I like it as well. My thought about frequency dependence would let your control loop get ahead of the errors - there would need to be a digital buffer of future audio signals. Wouldn’t work for realtime sources like a video game, but music and movies and tv could be buffered, although the TV/music/video player would need to cooperate.

Or, even if you don’t buffer, you know the current state of the driver if you have been measuring it passing a magnet it or something very precisely, and you know the current voltages and currents to the coils driving it. You know the current input signal. You can look up in memory what happened last time this state was present and correct for errors before they are detectable.

I was actually thinking of the specific case of headphones, where you remove the room from the equation. Also, regarding phase lag - I am reading it right from the Texas Instruments worked example, where there’s a small amount of lag in their gold standard example circuit.

How about a bluetooth microphone that the listener wears around their neck and the OP’s algorithm is used on that signal to adjust the room’s speakers? Of course, you’re screwed if the mic goes even slightly put of whack.
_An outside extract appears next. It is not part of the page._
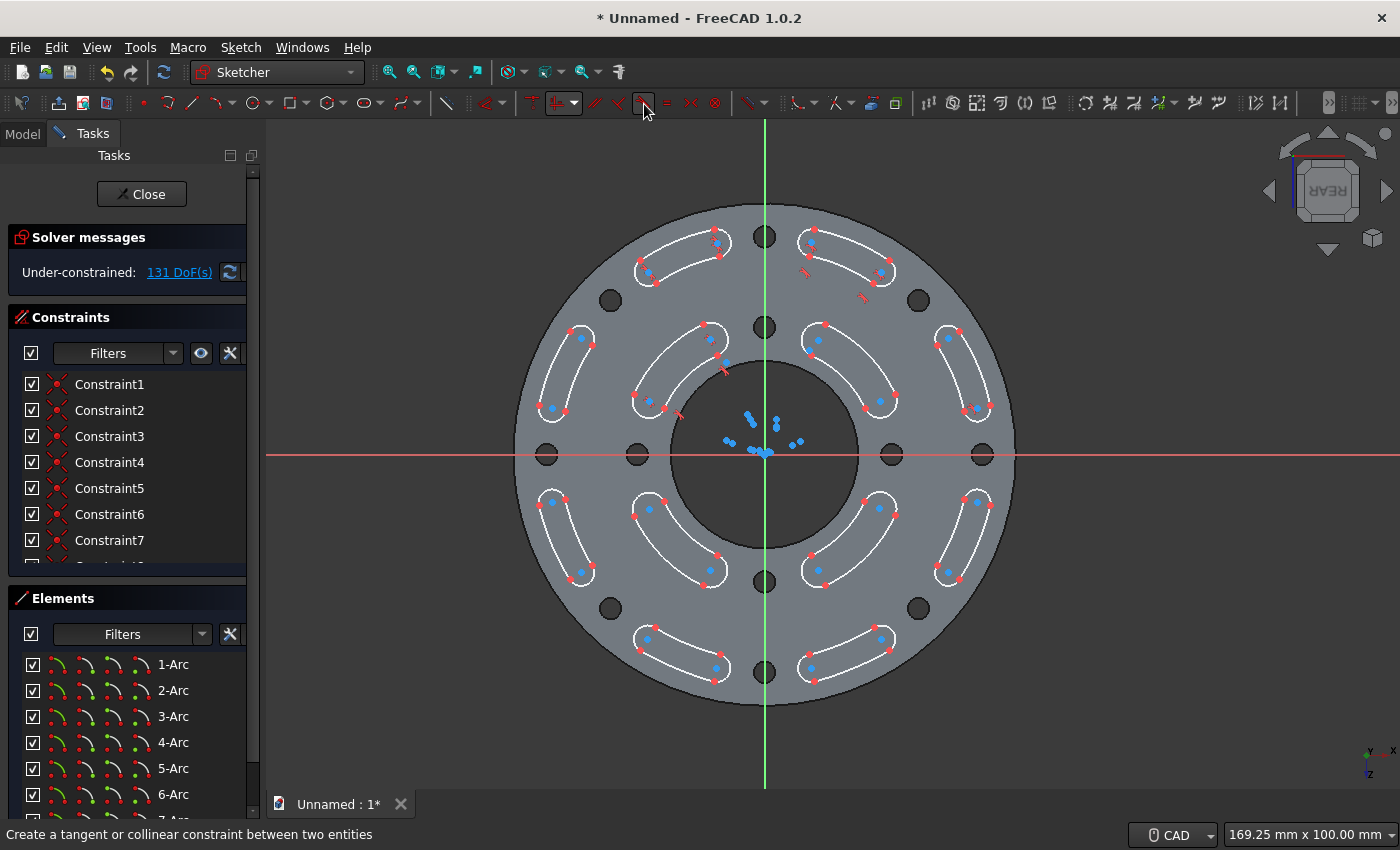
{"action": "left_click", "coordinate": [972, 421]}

That is just not true. I hope you will agree that no reproduction system will ever be 100% accurate, so the goal is to be as close as possible. However, in human perception of sound (similarly with vision, or smell, or taste…) not all aspects of a sound, especially in music, are equally important. A ‘better’ reproduction will involve compromising some less important aspects in order improve more important ones. To complicate things more the ‘optimal’ compromises will not be the same for different listeners or pieces of music. Measuring objectively how faithfully a given waveform matches another may be possible. Measuring objectively how that translates to user experience is not. Two waveforms may be measured as being equally close to the original, but a listener may not agree. You are essentially trying to objectively measure a subjective experience.

I think you’re way overestimating what it costs to make a decent speaker. that $5 would be better spent improving the speaker itself.

plus you run into the problem that it’s only really practical for low frequency drivers like woofers and subwoofers; once you get into midrange and high-frequency drivers the transducer you use will have as much or more mass than the speaker’s diaphragm, and you now essentially have a completely different speaker.

further, Habeed’s proposal only works for excursion-related non-linearities; where the distortion of the speaker is due to either poor motor design or pushing the speaker past the mechanical/magnetic excursion limits. it cannot do anything about cone breakup modes, unless you were to litter the cone surface with accelerometers and associated wiring. Which would again make me say you’d be better served spending the money on improving the loudspeaker driver itself. The OP’s suggestion just sounds like tech wankery for its own sake.

I’m talking about the mindset that chases some notion of “perfection” in the equipment when everything around it is hilariously imperfect.